(1584)
Individualism—See [Initiative].
INDIVIDUALISM, EXCESSIVE
Haydon, the painter, was an ill-used man; but it was purely his own fault. He would paint high art when people did not want it—would paint acres of hooked-nosed Romans, and bore the public with Dentatus, Scipio and Co., when they wanted something else. He was like a man taking beautiful pebbles to market when people wanted eggs, and telling that they ought not to want eggs, because they led to carnality and had a nasty and disgusting connection with bacon. But people would not have it—eggs they wanted, and eggs they would have, how beautiful soever the pebbles might be. So with Haydon.

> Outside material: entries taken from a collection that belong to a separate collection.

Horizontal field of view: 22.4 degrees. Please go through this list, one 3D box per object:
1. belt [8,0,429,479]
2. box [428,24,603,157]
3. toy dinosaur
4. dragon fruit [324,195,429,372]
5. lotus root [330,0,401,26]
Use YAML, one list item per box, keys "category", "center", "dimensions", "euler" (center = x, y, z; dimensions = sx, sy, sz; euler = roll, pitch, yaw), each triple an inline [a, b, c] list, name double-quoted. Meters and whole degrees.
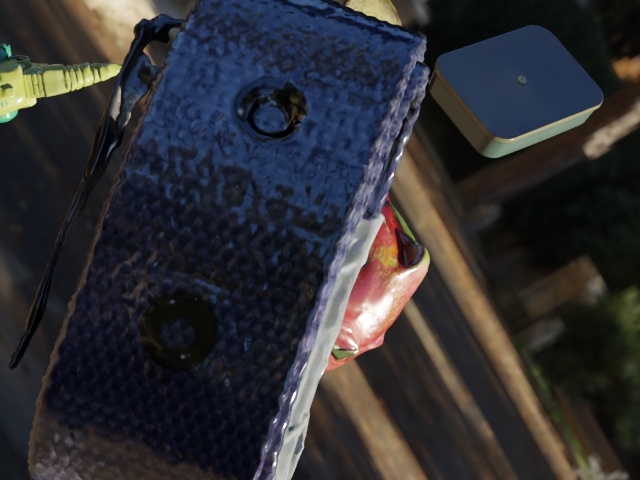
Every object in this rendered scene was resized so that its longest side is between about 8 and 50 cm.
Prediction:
- category: "belt"
  center: [-0.045, 0.003, 0.671]
  dimensions: [0.126, 0.231, 0.139]
  euler: [18, -11, 4]
- category: "box"
  center: [0.148, -0.114, 1.239]
  dimensions: [0.091, 0.126, 0.031]
  euler: [52, -38, 20]
- category: "toy dinosaur"
  center: [-0.335, -0.160, 1.656]
  dimensions: [0.153, 0.259, 0.094]
  euler: [36, -44, 56]
- category: "dragon fruit"
  center: [-0.019, 0.008, 1.562]
  dimensions: [0.198, 0.200, 0.269]
  euler: [39, 17, -50]
- category: "lotus root"
  center: [-0.038, -0.129, 1.417]
  dimensions: [0.074, 0.261, 0.170]
  euler: [36, 0, -38]
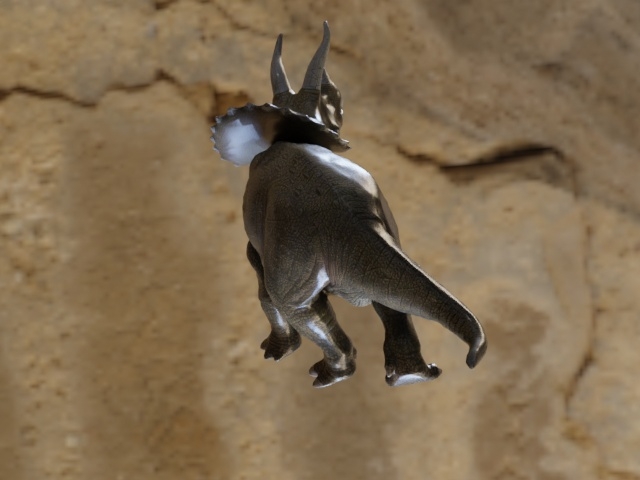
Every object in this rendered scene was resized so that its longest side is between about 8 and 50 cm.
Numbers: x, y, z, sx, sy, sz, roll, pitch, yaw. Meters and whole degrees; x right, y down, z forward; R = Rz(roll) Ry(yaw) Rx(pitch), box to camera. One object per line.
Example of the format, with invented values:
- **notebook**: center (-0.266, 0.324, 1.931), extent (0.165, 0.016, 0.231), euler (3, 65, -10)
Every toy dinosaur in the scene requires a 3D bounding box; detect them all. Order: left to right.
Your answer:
- **toy dinosaur**: center (0.000, 0.000, 0.966), extent (0.313, 0.121, 0.160), euler (-115, 3, -65)
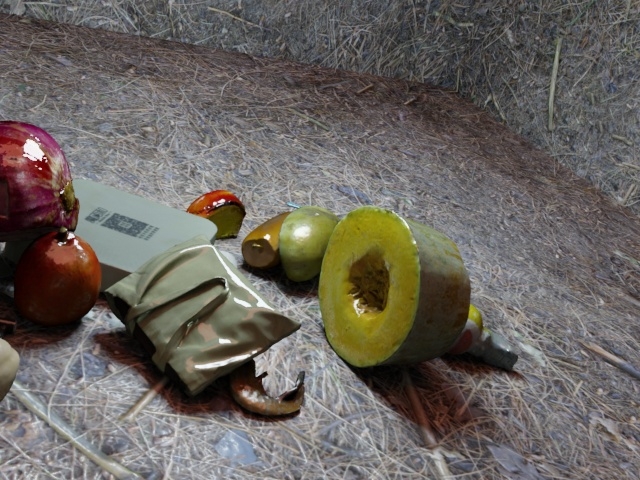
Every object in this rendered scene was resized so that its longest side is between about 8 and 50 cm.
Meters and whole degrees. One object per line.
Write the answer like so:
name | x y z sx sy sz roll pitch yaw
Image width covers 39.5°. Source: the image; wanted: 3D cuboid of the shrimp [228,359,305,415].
shrimp | -0.103 0.246 1.662 0.152 0.046 0.219 6 30 -21

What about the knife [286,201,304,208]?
knife | -0.047 -0.092 2.482 0.096 0.010 0.027 15 23 -3

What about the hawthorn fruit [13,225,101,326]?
hawthorn fruit | -0.481 0.062 1.639 0.169 0.188 0.169 17 34 -12

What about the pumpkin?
pumpkin | 0.161 0.096 1.842 0.199 0.332 0.332 5 26 -37

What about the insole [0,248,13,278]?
insole | -0.687 0.018 1.826 0.080 0.003 0.232 -1 29 -35

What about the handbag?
handbag | -0.230 0.126 1.658 0.253 0.109 0.316 -32 57 -27

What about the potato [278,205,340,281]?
potato | 0.000 0.000 2.092 0.111 0.160 0.272 -8 11 24

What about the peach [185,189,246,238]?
peach | -0.267 -0.057 2.163 0.172 0.127 0.092 -26 51 -23

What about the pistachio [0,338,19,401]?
pistachio | -0.556 0.211 1.340 0.144 0.143 0.215 30 37 28

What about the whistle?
whistle | 0.333 0.217 1.955 0.223 0.123 0.123 34 25 0

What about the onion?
onion | -0.584 -0.111 1.673 0.273 0.230 0.256 3 -8 -23

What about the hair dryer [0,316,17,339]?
hair dryer | -0.566 0.166 1.564 0.047 0.026 0.083 11 32 -9

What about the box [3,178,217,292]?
box | -0.441 0.000 1.927 0.373 0.090 0.367 18 23 4

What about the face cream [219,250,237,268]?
face cream | -0.212 0.114 1.839 0.082 0.082 0.269 12 25 -11

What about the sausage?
sausage | -0.088 -0.014 2.173 0.112 0.112 0.328 23 22 14
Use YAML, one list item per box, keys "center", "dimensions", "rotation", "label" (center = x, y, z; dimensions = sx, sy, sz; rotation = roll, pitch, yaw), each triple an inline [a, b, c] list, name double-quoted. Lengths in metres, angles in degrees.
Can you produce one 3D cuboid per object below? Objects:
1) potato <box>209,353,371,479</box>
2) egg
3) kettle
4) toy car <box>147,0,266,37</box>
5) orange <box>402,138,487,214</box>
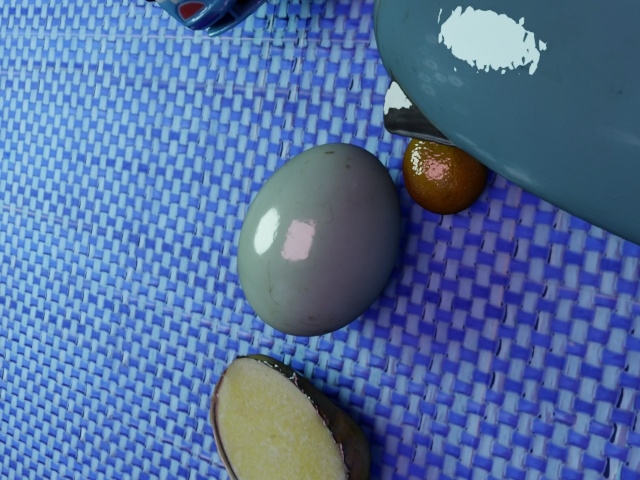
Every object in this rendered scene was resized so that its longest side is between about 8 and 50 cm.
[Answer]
- center: [-0.025, 0.200, 0.710]
  dimensions: [0.200, 0.081, 0.164]
  rotation: [36, 115, 31]
  label: "potato"
- center: [0.000, 0.000, 0.656]
  dimensions: [0.149, 0.149, 0.192]
  rotation: [33, 100, 28]
  label: "egg"
- center: [0.207, -0.181, 0.501]
  dimensions: [0.342, 0.247, 0.319]
  rotation: [30, 87, 38]
  label: "kettle"
- center: [-0.100, -0.354, 0.728]
  dimensions: [0.198, 0.166, 0.314]
  rotation: [-35, 42, 24]
  label: "toy car"
- center: [0.113, -0.065, 0.630]
  dimensions: [0.085, 0.085, 0.085]
  rotation: [-1, 88, 32]
  label: "orange"
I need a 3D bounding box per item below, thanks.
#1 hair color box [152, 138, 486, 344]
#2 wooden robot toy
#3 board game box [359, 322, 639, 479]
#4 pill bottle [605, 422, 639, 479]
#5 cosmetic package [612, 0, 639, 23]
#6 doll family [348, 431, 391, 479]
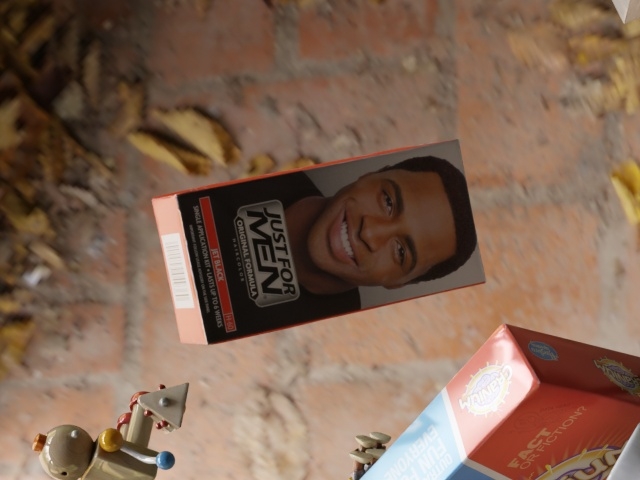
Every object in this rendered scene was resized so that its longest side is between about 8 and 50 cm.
[{"bbox_3d":[0.000,0.000,0.896,0.141,0.043,0.072,-13,93,-21],"label":"hair color box"},{"bbox_3d":[-0.148,0.137,1.243,0.079,0.173,0.076,18,45,-18],"label":"wooden robot toy"},{"bbox_3d":[0.191,0.194,1.602,0.242,0.316,0.064,-50,48,25],"label":"board game box"},{"bbox_3d":[0.310,0.232,1.438,0.221,0.121,0.121,30,83,10],"label":"pill bottle"},{"bbox_3d":[0.306,-0.269,1.422,0.238,0.107,0.127,-26,81,3],"label":"cosmetic package"},{"bbox_3d":[0.075,0.237,1.850,0.076,0.193,0.111,20,111,50],"label":"doll family"}]
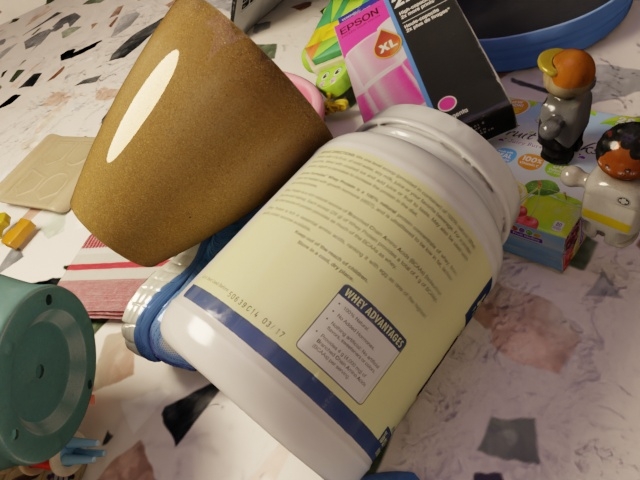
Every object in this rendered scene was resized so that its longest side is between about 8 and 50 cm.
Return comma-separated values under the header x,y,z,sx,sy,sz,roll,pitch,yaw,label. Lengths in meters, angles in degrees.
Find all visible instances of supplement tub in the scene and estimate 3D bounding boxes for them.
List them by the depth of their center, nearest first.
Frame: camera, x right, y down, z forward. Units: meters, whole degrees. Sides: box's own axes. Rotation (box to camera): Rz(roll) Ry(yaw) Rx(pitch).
x,y,z,sx,sy,sz,roll,pitch,yaw,label
0.032,0.040,0.493,0.236,0.235,0.324,26,66,38,supplement tub

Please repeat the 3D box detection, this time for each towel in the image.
x,y,z,sx,sy,sz,roll,pitch,yaw,label
-0.305,-0.009,0.823,0.237,0.037,0.328,-3,49,25,towel

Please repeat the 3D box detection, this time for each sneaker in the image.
x,y,z,sx,sy,sz,roll,pitch,yaw,label
-0.110,0.033,0.659,0.147,0.129,0.329,21,65,19,sneaker

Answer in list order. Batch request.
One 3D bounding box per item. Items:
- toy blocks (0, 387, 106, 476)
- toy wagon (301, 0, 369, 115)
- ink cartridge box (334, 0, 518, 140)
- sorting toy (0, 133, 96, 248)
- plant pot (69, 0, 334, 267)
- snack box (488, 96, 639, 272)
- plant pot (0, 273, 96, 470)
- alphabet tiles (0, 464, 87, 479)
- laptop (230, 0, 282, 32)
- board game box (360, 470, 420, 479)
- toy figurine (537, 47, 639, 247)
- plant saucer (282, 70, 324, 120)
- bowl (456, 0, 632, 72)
x,y,z,sx,sy,sz,roll,pitch,yaw,label
-0.322,0.228,0.602,0.148,0.054,0.123,-8,49,18,toy blocks
0.070,-0.388,0.896,0.267,0.068,0.344,2,61,49,toy wagon
0.127,-0.271,0.698,0.176,0.069,0.370,-24,56,19,ink cartridge box
-0.598,-0.113,1.043,0.229,0.041,0.307,11,57,26,sorting toy
-0.153,-0.098,0.562,0.254,0.237,0.237,-48,48,0,plant pot
0.267,-0.083,0.607,0.175,0.070,0.207,24,63,38,snack box
-0.402,0.139,0.508,0.256,0.271,0.271,-3,50,3,plant pot
-0.456,0.349,0.601,0.343,0.011,0.284,-7,50,18,alphabet tiles
0.013,-0.606,1.102,0.236,0.408,0.382,42,70,-3,laptop
0.058,0.279,0.407,0.133,0.033,0.169,-24,22,-16,board game box
0.330,-0.115,0.460,0.210,0.148,0.212,-11,50,12,toy figurine
-0.154,-0.190,0.840,0.333,0.084,0.332,-6,43,5,plant saucer
0.353,-0.441,0.868,0.392,0.077,0.390,-13,48,15,bowl
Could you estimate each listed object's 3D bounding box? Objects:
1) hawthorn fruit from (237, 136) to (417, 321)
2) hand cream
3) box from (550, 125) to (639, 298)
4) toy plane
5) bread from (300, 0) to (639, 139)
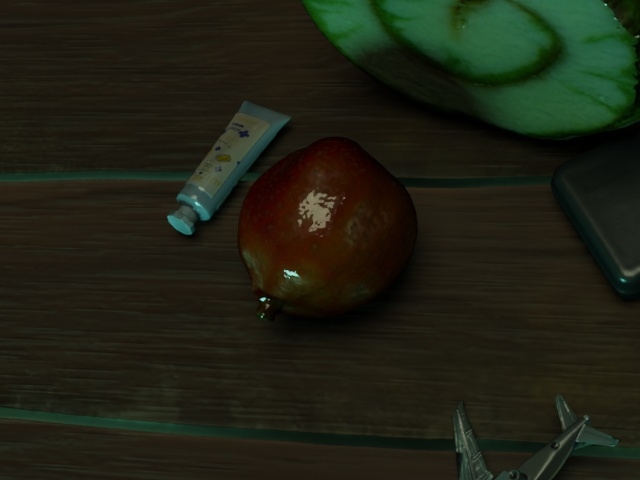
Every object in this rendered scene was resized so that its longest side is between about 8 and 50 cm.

He persisted that the people ought to have what they did not want, and he went from a prison to a lunatic asylum, and died a suicide.—George Dawson.
(1585)
INDIVIDUALITY
Rembrandt paints all in a shadow, and Claude Lorraine in sunny light. Petrarch frames with cunning skill his chiming sonnets, and Dante portrays with majestic hand, that makes the page almost tingle with fire, his vision of the future. Shakespeare, with a well-nigh prescient intelligence, interprets the secrets of history and of life, and reads the courses of the future in the past, and Milton rolls, from beneath the great arches of his religious and cathedral-like soul, its sublime oratorios. And the copiousness of experience, the variety, affluence, multiformity of life, as it exists upon earth and arrests our attention, is derived altogether, in the ultimate analysis, from this personal constitution of each individual.—Richard S. Storrs.
(1586)
Jesus said of the Good Shepherd, “He calleth his own sheep by name.” We have each his own personal marks, and are never lost in the mass of humanity.